Just out of curiosity, did you try the search function in this forum? Either way, have a look at this:

http://engineerboards.com/index.php?showtopic=20292


----------



## leo (Jun 18, 2013)

marwan said:


> Has anyone used the book "The Electrical Engineer's Guide to Passing The PE Exam" by Alexander S. Graffeo in preparing for the exam? Is it the same as PPI manual or better/worse?

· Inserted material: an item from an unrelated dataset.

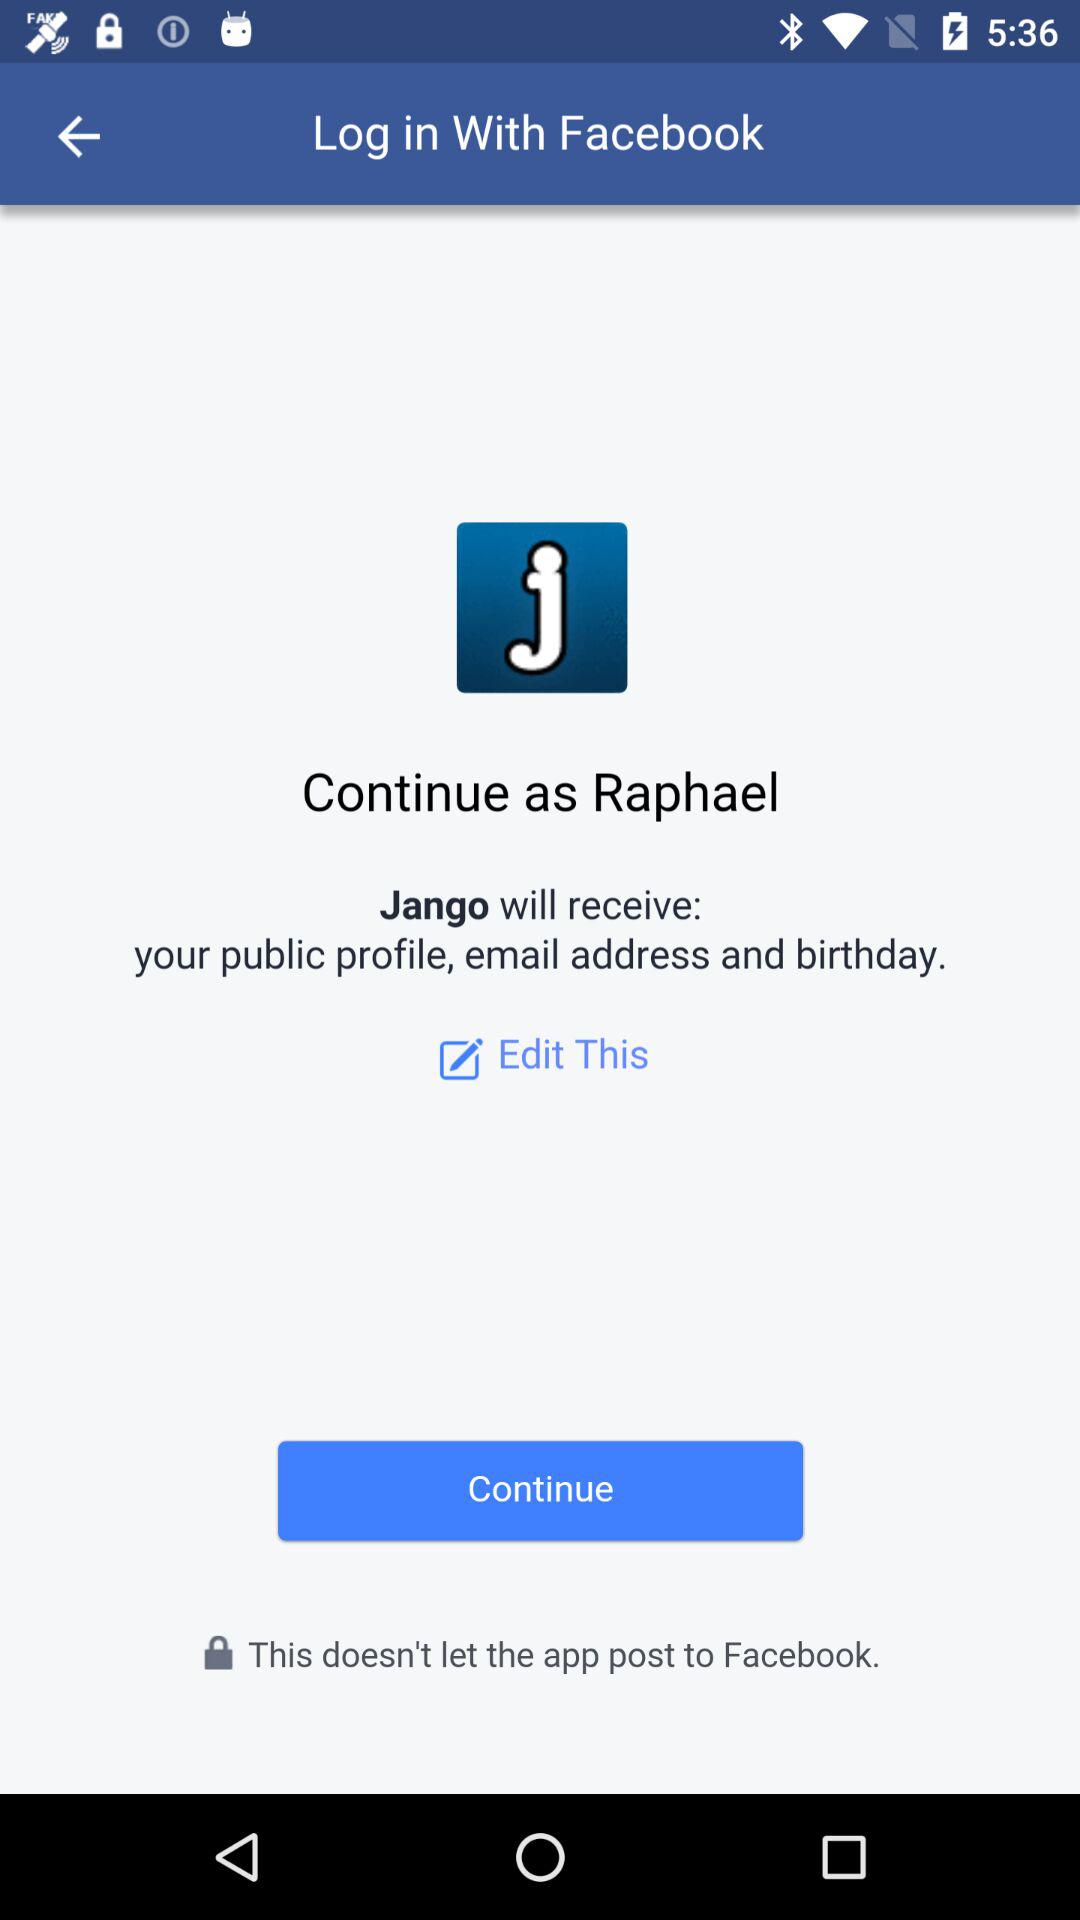Is there an option to modify the privacy settings before proceeding? Yes, there is an option to edit the information you provide. You can see the 'Edit This' link below the details about what information Jango will receive. 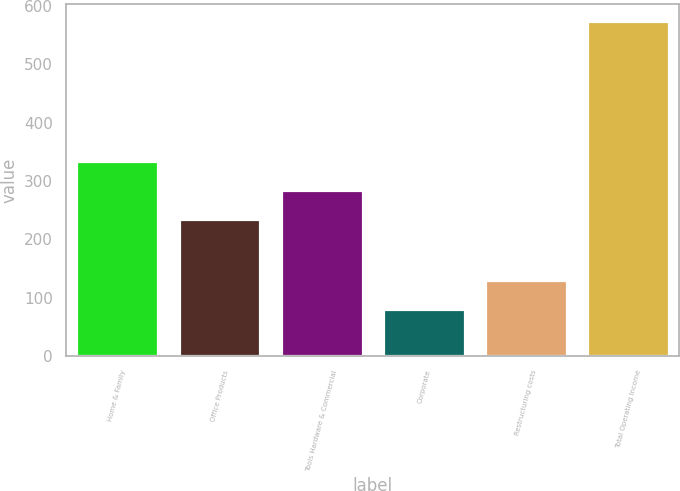Convert chart. <chart><loc_0><loc_0><loc_500><loc_500><bar_chart><fcel>Home & Family<fcel>Office Products<fcel>Tools Hardware & Commercial<fcel>Corporate<fcel>Restructuring costs<fcel>Total Operating Income<nl><fcel>334.06<fcel>235.2<fcel>284.63<fcel>80.6<fcel>130.03<fcel>574.9<nl></chart>

don't know about this book, however I would recommend these 3 books

-*Electrical Machines, Drives and Power Systems**(Paperback)By (author) *Theodore Wildi: as most of the info that school of PE uses

*-Complex Imaginary practice exams all 4: *excellent for practice, take one exam each week before test exact has if you where in exam time yourself

*-Electromechanical Energy Devices and Power Systems: 1st Edition: *very good for reading to prepare for theory questions

there are lot more books out there but these 3 help me to pass, I felt I was well prepared for exam

Good luck


----------



## marwan (Jun 19, 2013)

Thanks guys.


----------



## marwan (Jun 19, 2013)

knight1fox3,

I did research the forum except there are only three members that have used this book to prepare for the exam and needed to hear from others about the book's review.


----------



## JB66money (Jul 4, 2013)

I have the book written by Graffeo, it is a good guide, it covers everything well except the NEC and Power Electronics. You can refer to other books for more detail, written by people such as Wildi, Glover and the NEC, but it guides you how to use those books. Also the Graffeo has a few errors in it.


----------